Problem to solve ▸ All of the lines below should be printed again exactly as they are.

Dataset items ▸
▼

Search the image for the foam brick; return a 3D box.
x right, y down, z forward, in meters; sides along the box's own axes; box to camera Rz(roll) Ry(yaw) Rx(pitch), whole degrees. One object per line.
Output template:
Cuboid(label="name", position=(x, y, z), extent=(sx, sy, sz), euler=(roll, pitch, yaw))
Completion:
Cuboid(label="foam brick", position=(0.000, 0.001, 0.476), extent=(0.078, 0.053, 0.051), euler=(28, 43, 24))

▲

Answer area ▸
Search the image for the foam brick; return a 3D box.
x right, y down, z forward, in meters; sides along the box's own axes; box to camera Rz(roll) Ry(yaw) Rx(pitch), whole degrees. One object per line.
Output template:
Cuboid(label="name", position=(x, y, z), extent=(sx, sy, sz), euler=(roll, pitch, yaw))
Completion:
Cuboid(label="foam brick", position=(0.000, 0.001, 0.476), extent=(0.078, 0.053, 0.051), euler=(28, 43, 24))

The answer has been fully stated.